Analysis of the thrombin pathway in Schwann cells and of its role in peripheral nerve repair and regeneration
Complex nervous systems require rapid nerve impulse transmission. Myelination by Schwann cells (SCs) in the peripheral nervous system (PNS) is essential for efficient saltatory conduction of action potentials.
At the center of the function of myelinated axons are the nodes of Ranvier. In the PNS, nodes are contacted by interdigitating microvilli that project from the end of the SCs to closely appose the nodal axolemma.
On the SC plasma membrane we and others have reported the presence of a protease activated-receptor, PAR1 which is concentrated at the level of the nodes (Shavit et al., 2008; Pompili et al., 2017). This receptor is a sensor for proteases (in particular for thrombin).

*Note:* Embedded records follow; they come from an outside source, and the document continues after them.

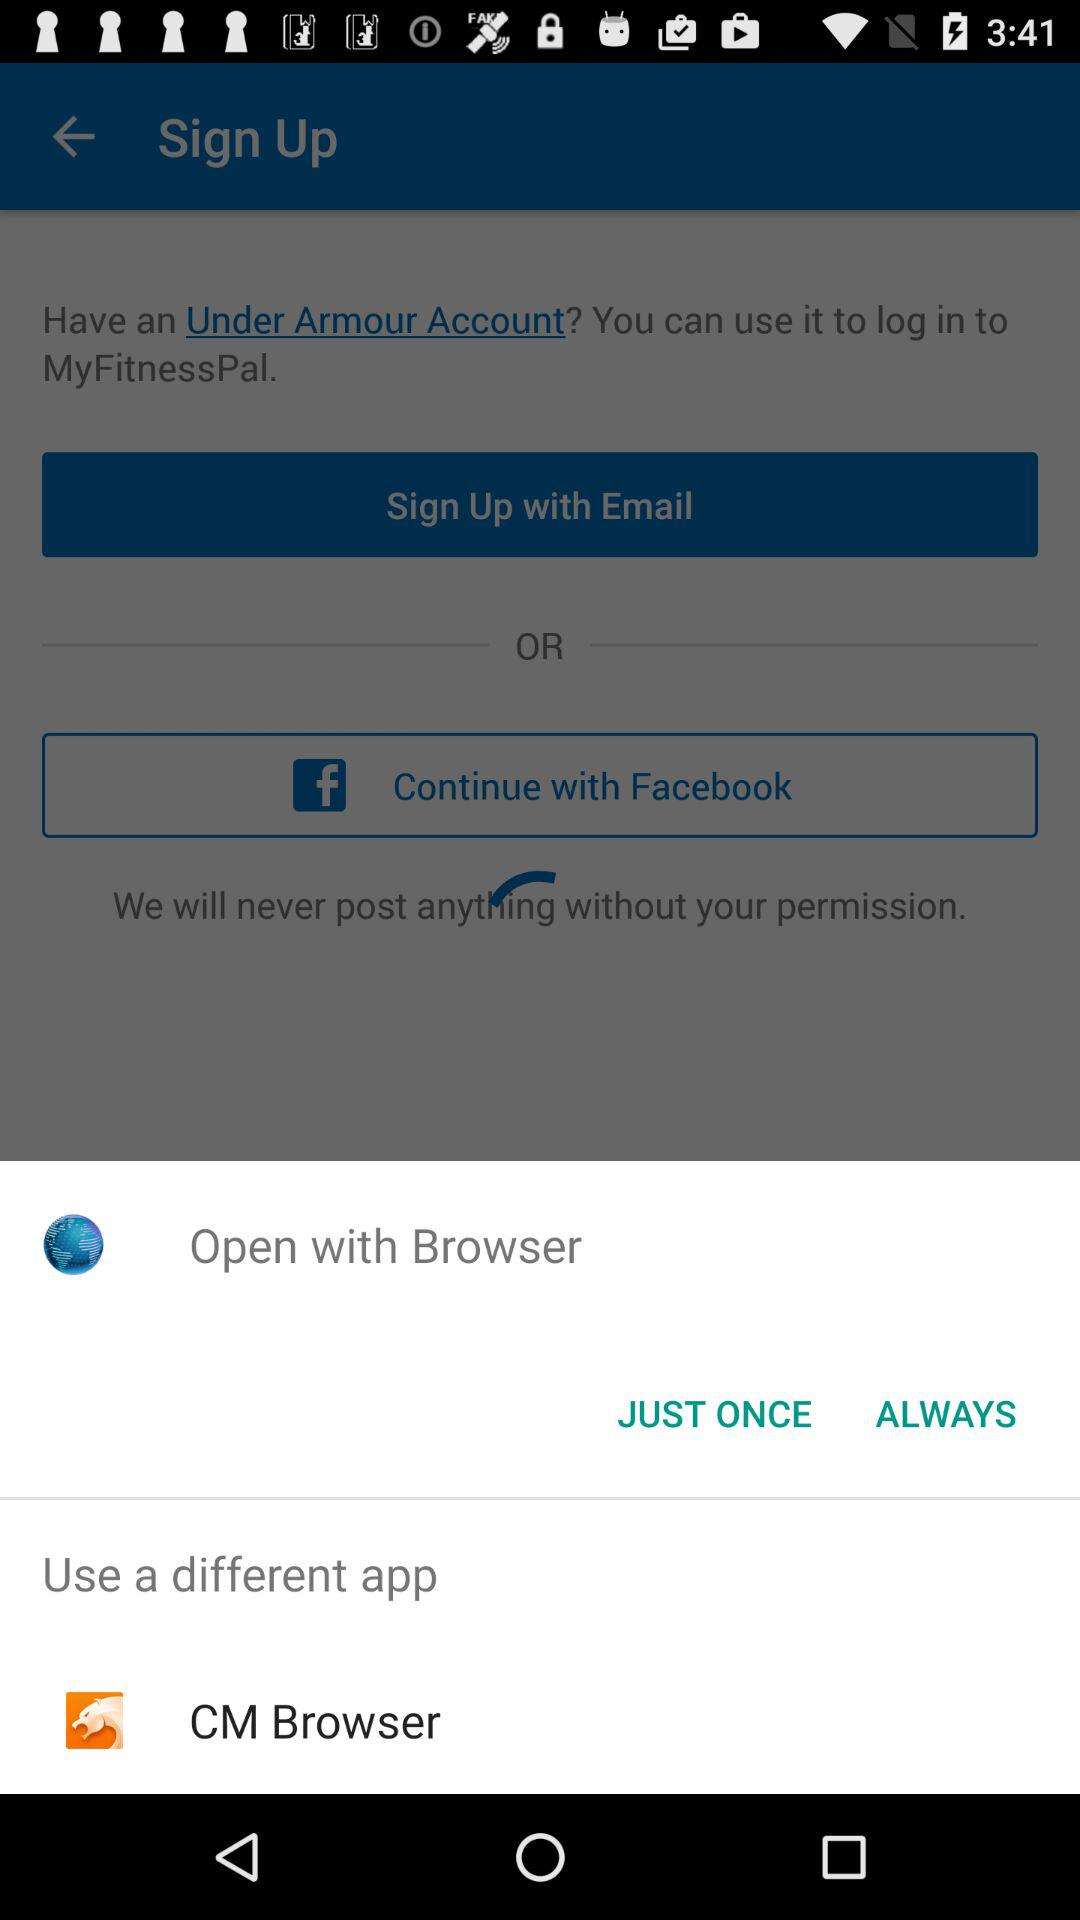How many social media options are there?
Answer the question using a single word or phrase. 2 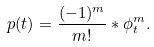Convert formula to latex. <formula><loc_0><loc_0><loc_500><loc_500>p ( t ) = \frac { ( - 1 ) ^ { m } } { m ! } * \phi _ { t } ^ { m } .</formula> 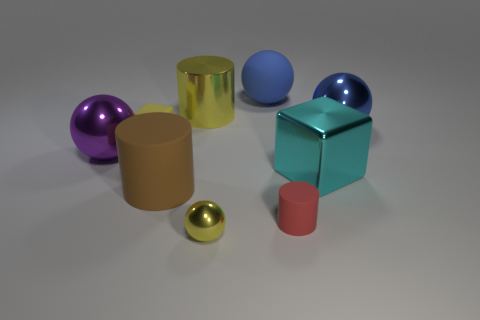Does the metallic cylinder have the same color as the tiny rubber cube?
Ensure brevity in your answer.  Yes. How many big shiny objects have the same color as the small ball?
Offer a very short reply. 1. What is the size of the red thing that is the same shape as the large brown object?
Ensure brevity in your answer.  Small. What color is the large sphere that is both on the left side of the tiny matte cylinder and to the right of the big brown thing?
Offer a very short reply. Blue. Is the purple ball made of the same material as the sphere that is right of the big rubber sphere?
Ensure brevity in your answer.  Yes. Is the number of yellow cylinders right of the small matte cylinder less than the number of purple shiny cylinders?
Offer a terse response. No. What number of other things are there of the same shape as the large blue rubber object?
Ensure brevity in your answer.  3. Is there any other thing that is the same color as the big rubber cylinder?
Provide a short and direct response. No. Does the big rubber sphere have the same color as the metal sphere right of the tiny yellow ball?
Provide a short and direct response. Yes. How many other objects are the same size as the yellow matte cube?
Offer a terse response. 2. 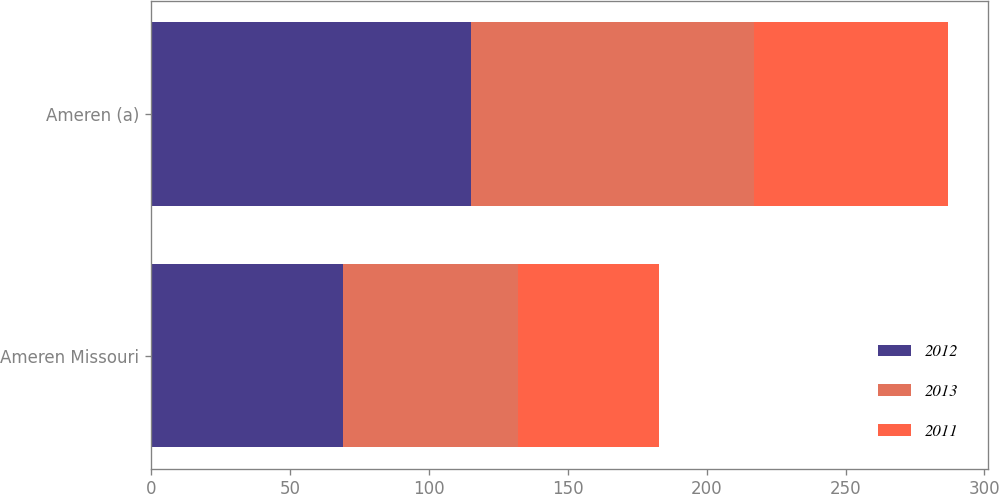Convert chart to OTSL. <chart><loc_0><loc_0><loc_500><loc_500><stacked_bar_chart><ecel><fcel>Ameren Missouri<fcel>Ameren (a)<nl><fcel>2012<fcel>69<fcel>115<nl><fcel>2013<fcel>63<fcel>102<nl><fcel>2011<fcel>51<fcel>70<nl></chart> 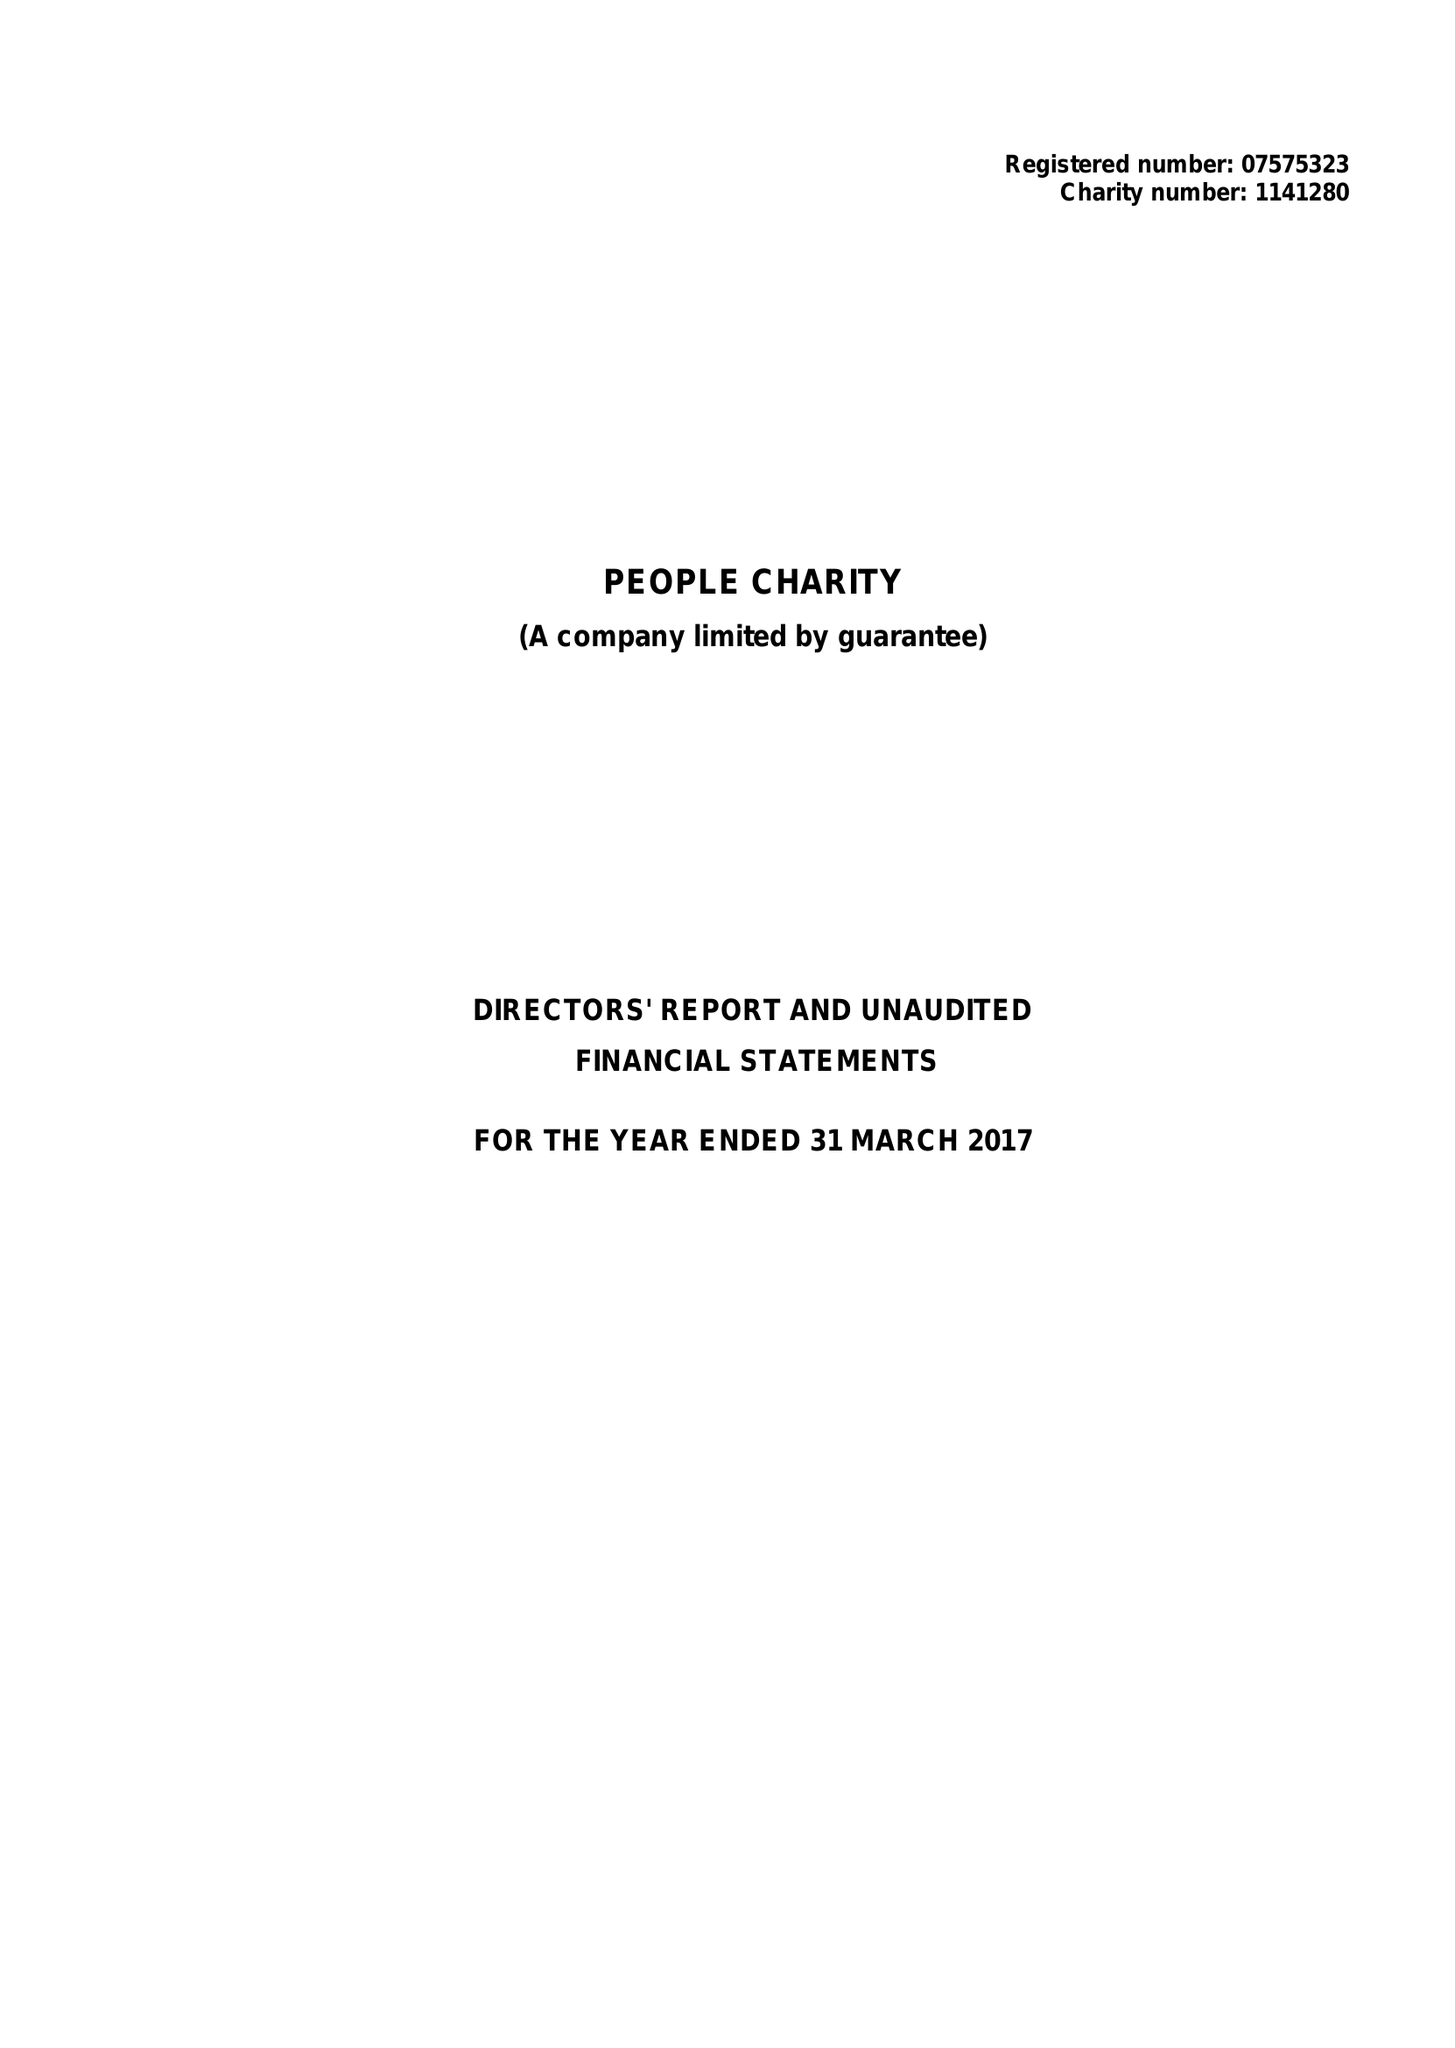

In peripheral nerves after injury a rapid rise in thrombin activity can be measured and when this protease is applied to peripheral nerve fibers it determines a conduction block (Shavit et al., 2008; Gera et al., 2016).
Other than PAR1, thrombin can also cut and activate other members of the PAR family. Thus, aim of the present project will be to assess the expression and distribution of the other PAR family members in peripheral nerves. We also aim to analyze how thrombin affects the morphology and function of SCs in sciatic nerve. Our hypothesis is that low levels of thrombin favors nerve repair acting through PAR1 while high concentrations of this protease also activates the other PARs inducing nerve damage and conduction block.
Since there are currently no therapies to effectively protect myelin, or to promote myelin regeneration after PNS injury there is a great need to identify druggable target proteins that are integral regulators governing myelin production.